■ Exercise details
Pick out all lines of the entries that include the word "pitch" and copy them.

■ Records for the task
══════

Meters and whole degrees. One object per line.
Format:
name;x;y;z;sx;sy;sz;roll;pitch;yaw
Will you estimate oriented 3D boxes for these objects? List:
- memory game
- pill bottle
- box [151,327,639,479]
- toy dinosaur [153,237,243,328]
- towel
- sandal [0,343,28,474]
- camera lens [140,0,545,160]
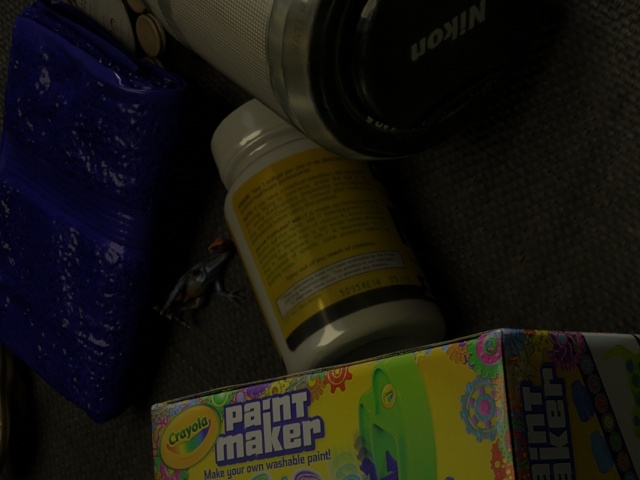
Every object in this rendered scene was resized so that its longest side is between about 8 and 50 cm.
memory game;-0.177;-0.180;1.585;0.186;0.012;0.186;39;141;41
pill bottle;0.000;0.000;1.358;0.119;0.119;0.208;-43;58;36
box;0.099;0.162;1.124;0.290;0.279;0.177;-16;75;45
toy dinosaur;-0.101;0.028;1.522;0.082;0.047;0.090;-57;37;3
towel;-0.214;-0.027;1.580;0.228;0.076;0.308;35;121;45
sandal;-0.294;0.143;1.713;0.072;0.049;0.180;-23;56;37
camera lens;0.003;-0.198;1.298;0.274;0.219;0.219;38;114;42
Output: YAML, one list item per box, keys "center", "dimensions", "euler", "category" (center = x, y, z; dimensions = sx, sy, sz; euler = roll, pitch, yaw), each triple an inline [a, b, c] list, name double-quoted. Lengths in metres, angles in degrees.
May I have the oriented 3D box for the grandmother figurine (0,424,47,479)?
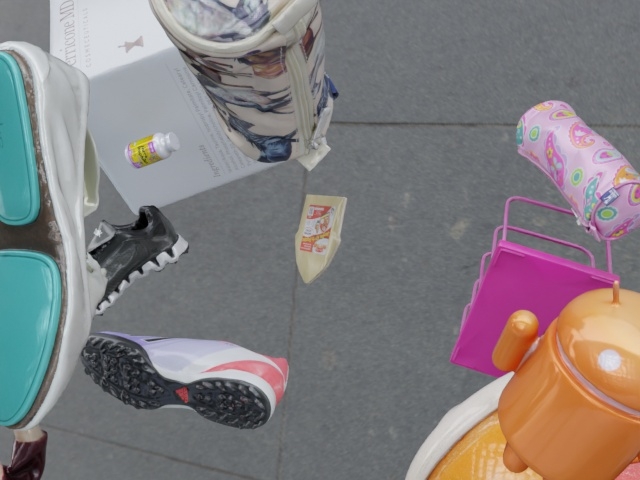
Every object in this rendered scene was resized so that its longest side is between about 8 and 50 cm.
- center: [-0.379, 0.275, 0.859]
  dimensions: [0.104, 0.342, 0.208]
  euler: [25, 67, 36]
  category: "grandmother figurine"

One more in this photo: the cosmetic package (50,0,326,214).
- center: [-0.240, -0.315, 1.441]
  dimensions: [0.393, 0.327, 0.329]
  euler: [-20, 49, 3]
  category: "cosmetic package"

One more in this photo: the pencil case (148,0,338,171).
- center: [-0.064, -0.206, 0.841]
  dimensions: [0.183, 0.410, 0.160]
  euler: [36, 84, 7]
  category: "pencil case"

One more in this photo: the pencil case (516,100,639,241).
- center: [0.425, -0.117, 1.279]
  dimensions: [0.124, 0.124, 0.284]
  euler: [-44, 38, 18]
  category: "pencil case"

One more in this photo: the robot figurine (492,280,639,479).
- center: [0.238, 0.130, 0.687]
  dimensions: [0.158, 0.128, 0.219]
  euler: [58, 138, 37]
  category: "robot figurine"

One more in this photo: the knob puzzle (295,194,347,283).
- center: [0.000, 0.000, 1.697]
  dimensions: [0.213, 0.030, 0.213]
  euler: [-32, 51, 52]
  category: "knob puzzle"

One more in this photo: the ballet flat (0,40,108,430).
- center: [-0.284, -0.003, 0.829]
  dimensions: [0.139, 0.139, 0.400]
  euler: [5, 98, 27]
  category: "ballet flat"

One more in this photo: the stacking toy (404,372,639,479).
- center: [0.342, 0.400, 0.898]
  dimensions: [0.350, 0.350, 0.480]
  euler: [-50, 43, 16]
  category: "stacking toy"

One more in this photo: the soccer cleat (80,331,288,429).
- center: [-0.203, 0.190, 1.162]
  dimensions: [0.318, 0.116, 0.109]
  euler: [10, 116, 16]
  category: "soccer cleat"

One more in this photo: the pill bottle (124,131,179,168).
- center: [-0.270, -0.147, 1.262]
  dimensions: [0.083, 0.043, 0.043]
  euler: [-17, 79, 21]
  category: "pill bottle"

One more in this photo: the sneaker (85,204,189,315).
- center: [-0.298, 0.029, 1.077]
  dimensions: [0.078, 0.234, 0.106]
  euler: [18, 138, 52]
  category: "sneaker"

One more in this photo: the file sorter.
- center: [0.382, 0.095, 1.420]
  dimensions: [0.202, 0.182, 0.291]
  euler: [17, 129, 5]
  category: "file sorter"

══════

■ Task output
name;x;y;z;sx;sy;sz;roll;pitch;yaw
Output: YAML, one list item per box, keys "center", "dimensions", "euler", "category" (center = x, y, z; dimensions = sx, sy, sz; euler = roll, pitch, yaw), each triple an inline [a, b, c] list, name double-quoted. Lengths in metres, angles in degrees.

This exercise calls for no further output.